____ DATA SECTION

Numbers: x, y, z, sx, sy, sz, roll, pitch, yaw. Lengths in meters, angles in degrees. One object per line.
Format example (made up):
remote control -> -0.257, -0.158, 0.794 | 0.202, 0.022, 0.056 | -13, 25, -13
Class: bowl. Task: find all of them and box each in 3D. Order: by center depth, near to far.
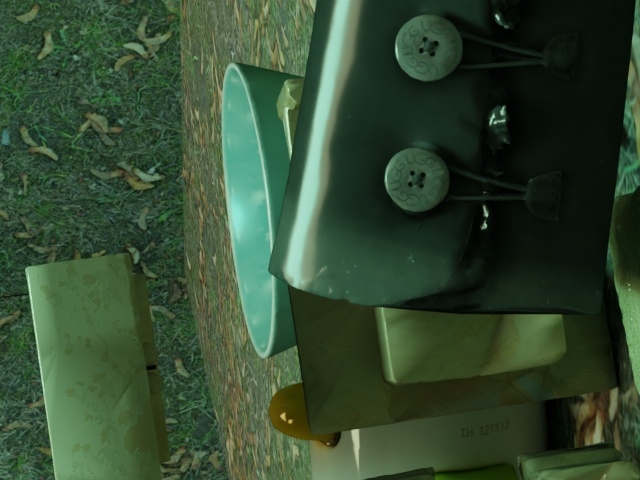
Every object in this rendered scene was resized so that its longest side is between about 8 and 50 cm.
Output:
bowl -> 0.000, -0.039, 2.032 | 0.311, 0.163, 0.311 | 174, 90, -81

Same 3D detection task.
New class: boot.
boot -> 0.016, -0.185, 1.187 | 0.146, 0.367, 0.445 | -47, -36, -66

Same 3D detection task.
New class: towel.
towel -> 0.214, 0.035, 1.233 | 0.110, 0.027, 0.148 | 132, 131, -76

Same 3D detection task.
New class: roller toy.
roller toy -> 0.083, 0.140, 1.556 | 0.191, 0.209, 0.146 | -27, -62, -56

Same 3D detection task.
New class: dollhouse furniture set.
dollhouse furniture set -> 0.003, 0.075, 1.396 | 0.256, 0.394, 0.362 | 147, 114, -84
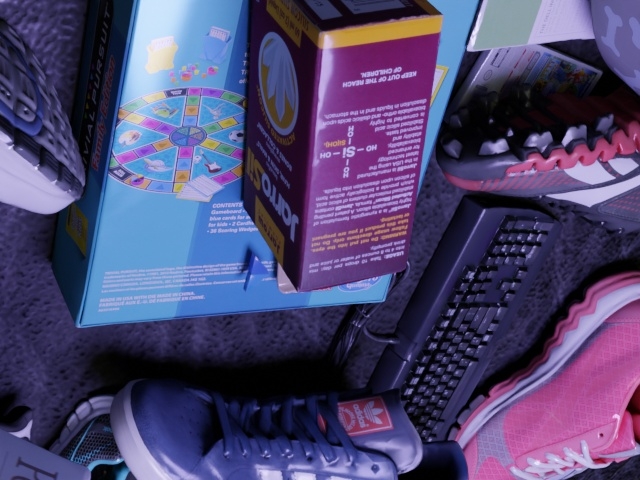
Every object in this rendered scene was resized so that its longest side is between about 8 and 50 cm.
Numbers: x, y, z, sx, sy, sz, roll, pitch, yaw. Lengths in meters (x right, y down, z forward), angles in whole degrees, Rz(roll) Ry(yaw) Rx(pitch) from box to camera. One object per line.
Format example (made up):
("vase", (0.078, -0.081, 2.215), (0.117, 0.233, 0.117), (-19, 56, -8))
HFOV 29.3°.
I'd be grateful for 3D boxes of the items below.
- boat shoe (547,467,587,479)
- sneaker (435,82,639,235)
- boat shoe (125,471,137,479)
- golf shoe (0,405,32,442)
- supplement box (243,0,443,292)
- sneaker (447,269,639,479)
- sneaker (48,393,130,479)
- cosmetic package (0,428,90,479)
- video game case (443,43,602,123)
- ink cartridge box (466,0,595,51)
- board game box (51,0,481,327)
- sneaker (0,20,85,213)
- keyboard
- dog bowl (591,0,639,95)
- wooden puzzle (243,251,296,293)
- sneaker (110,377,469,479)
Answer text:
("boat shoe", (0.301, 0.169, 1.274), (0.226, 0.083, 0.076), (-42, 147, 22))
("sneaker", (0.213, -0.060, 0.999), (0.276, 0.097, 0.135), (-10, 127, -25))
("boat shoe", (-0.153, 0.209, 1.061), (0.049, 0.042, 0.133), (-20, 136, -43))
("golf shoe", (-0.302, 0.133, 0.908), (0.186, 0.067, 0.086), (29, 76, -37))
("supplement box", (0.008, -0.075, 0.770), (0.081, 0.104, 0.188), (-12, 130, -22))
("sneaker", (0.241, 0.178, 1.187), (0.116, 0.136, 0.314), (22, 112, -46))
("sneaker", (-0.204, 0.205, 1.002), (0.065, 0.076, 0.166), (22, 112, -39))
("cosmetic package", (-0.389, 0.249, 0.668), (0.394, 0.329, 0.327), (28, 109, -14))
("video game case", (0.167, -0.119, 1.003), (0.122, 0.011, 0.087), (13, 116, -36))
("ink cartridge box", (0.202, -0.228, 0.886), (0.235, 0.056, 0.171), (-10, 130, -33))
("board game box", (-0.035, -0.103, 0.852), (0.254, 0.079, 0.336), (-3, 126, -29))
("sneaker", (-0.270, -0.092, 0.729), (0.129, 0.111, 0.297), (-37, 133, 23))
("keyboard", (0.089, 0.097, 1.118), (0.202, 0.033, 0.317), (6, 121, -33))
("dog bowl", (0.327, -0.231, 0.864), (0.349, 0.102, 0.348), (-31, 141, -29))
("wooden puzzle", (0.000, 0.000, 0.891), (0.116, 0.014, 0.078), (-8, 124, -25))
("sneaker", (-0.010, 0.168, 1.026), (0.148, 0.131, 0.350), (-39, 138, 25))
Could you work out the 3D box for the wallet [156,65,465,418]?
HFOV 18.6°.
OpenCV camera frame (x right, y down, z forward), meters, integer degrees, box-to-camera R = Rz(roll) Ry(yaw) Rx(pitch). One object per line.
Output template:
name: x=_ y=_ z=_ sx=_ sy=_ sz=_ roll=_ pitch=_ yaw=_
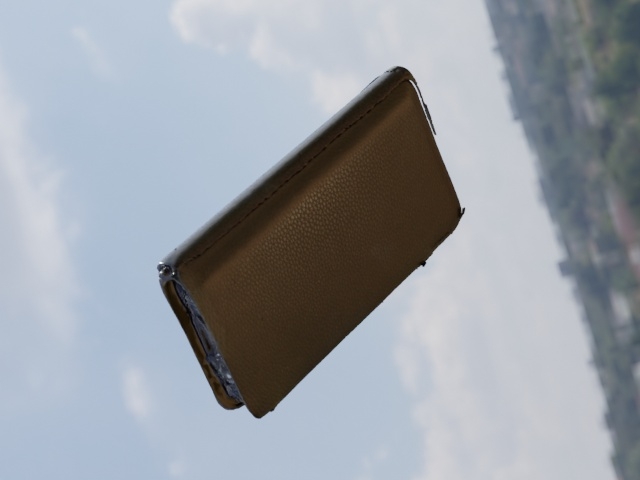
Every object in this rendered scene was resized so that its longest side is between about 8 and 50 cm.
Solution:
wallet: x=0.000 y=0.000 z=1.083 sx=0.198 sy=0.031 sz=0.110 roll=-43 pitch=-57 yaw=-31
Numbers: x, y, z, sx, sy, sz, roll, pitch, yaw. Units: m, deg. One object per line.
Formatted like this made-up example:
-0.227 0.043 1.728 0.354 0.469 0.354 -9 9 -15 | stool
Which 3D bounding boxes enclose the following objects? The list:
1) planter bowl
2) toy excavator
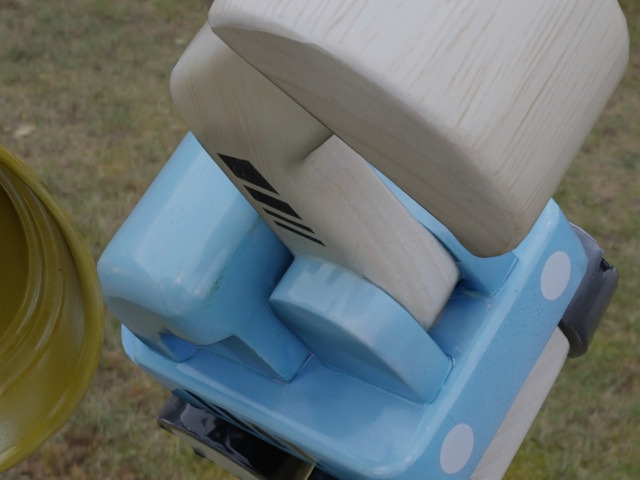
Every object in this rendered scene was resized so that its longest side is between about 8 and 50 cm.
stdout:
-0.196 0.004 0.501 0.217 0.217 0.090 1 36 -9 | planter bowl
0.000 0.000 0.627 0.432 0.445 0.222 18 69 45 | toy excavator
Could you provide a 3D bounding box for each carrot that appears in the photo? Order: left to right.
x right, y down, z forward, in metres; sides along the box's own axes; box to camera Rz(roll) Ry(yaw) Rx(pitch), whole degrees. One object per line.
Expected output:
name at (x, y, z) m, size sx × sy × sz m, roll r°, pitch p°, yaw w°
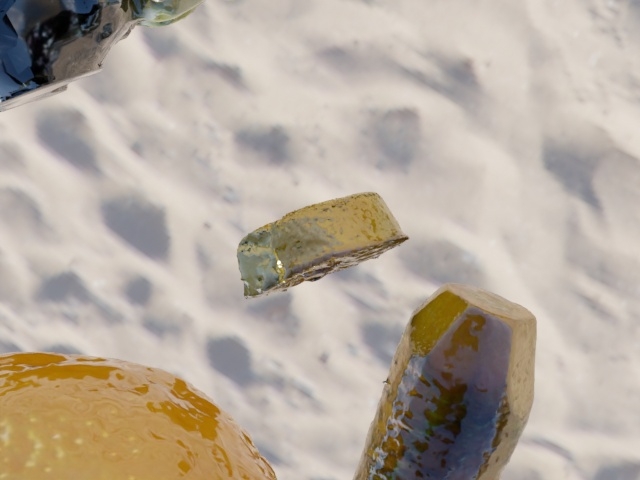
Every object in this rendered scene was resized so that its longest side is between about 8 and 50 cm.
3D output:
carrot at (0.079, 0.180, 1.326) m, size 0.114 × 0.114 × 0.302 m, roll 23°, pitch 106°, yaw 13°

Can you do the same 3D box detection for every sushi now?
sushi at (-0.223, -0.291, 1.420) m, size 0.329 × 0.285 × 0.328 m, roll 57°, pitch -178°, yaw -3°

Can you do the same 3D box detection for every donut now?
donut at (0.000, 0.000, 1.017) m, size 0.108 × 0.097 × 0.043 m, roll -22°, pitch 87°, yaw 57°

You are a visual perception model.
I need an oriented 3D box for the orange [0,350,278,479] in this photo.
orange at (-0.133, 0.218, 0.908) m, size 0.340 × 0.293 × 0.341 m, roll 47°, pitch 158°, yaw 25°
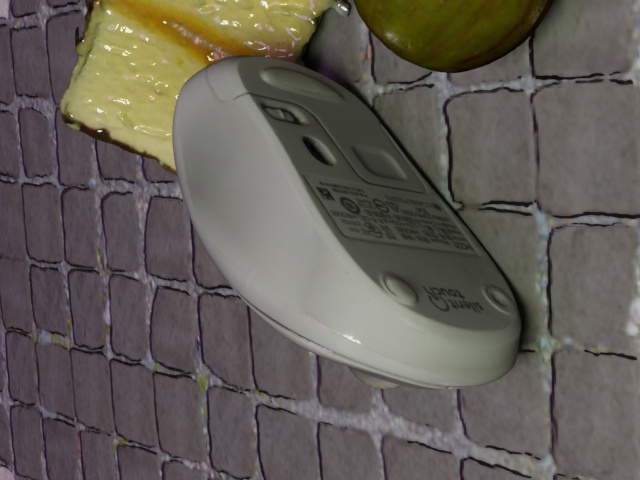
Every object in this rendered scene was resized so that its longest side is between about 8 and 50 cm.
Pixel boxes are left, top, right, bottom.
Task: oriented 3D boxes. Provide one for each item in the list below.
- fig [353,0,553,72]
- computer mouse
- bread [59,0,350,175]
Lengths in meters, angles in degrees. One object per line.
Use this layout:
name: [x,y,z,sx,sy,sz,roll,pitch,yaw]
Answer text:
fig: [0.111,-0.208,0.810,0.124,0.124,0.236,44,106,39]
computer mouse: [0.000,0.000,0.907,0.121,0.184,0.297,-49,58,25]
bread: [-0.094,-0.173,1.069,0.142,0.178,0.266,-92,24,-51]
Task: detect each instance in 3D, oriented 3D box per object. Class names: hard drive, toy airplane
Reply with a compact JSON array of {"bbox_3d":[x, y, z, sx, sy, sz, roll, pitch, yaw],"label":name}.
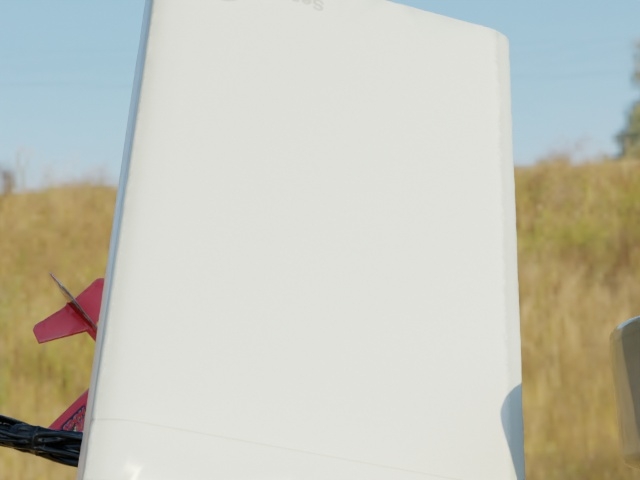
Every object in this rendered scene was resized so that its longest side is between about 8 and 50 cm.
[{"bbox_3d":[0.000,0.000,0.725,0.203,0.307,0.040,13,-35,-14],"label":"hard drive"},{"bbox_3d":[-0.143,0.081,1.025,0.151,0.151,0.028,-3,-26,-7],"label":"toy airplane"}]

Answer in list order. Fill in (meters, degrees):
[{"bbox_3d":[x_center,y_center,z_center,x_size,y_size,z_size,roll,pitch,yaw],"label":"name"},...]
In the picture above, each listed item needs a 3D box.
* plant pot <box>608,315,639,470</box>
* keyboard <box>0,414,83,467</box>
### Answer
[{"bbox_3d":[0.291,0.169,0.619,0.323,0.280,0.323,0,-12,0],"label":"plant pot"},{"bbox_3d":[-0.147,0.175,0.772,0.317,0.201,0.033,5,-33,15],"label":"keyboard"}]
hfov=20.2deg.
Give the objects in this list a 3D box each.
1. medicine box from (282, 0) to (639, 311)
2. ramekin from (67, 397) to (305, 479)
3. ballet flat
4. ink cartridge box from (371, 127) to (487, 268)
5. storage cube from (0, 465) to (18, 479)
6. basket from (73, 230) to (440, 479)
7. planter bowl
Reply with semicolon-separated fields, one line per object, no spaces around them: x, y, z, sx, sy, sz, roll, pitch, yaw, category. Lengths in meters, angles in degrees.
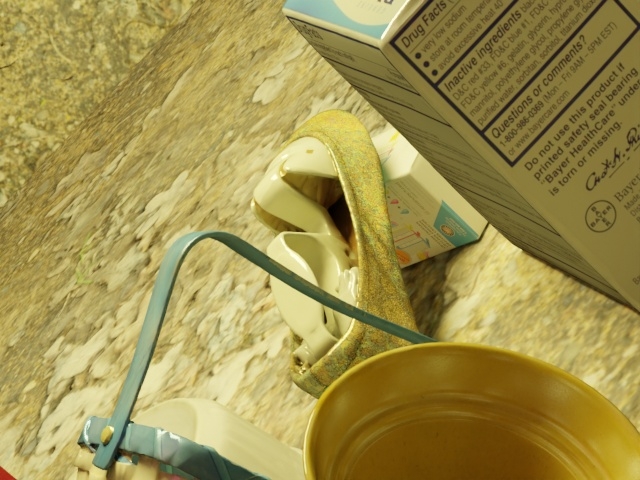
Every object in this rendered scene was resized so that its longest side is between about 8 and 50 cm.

________

- **REQUIRED WORK**
For this task, copy every line of the material in which "from" appears.

- **SOLUTION FOR THIS PROBLEM**
Numbers: x, y, z, sx, sy, sz, roll, pitch, yaw. Lengths in meters (x right, y down, z forward), angles in whole degrees, Rz(roll) Ry(yaw) Rx(pitch) from box to camera. One object per line.
1. medicine box from (282, 0) to (639, 311)
2. ramekin from (67, 397) to (305, 479)
4. ink cartridge box from (371, 127) to (487, 268)
5. storage cube from (0, 465) to (18, 479)
6. basket from (73, 230) to (440, 479)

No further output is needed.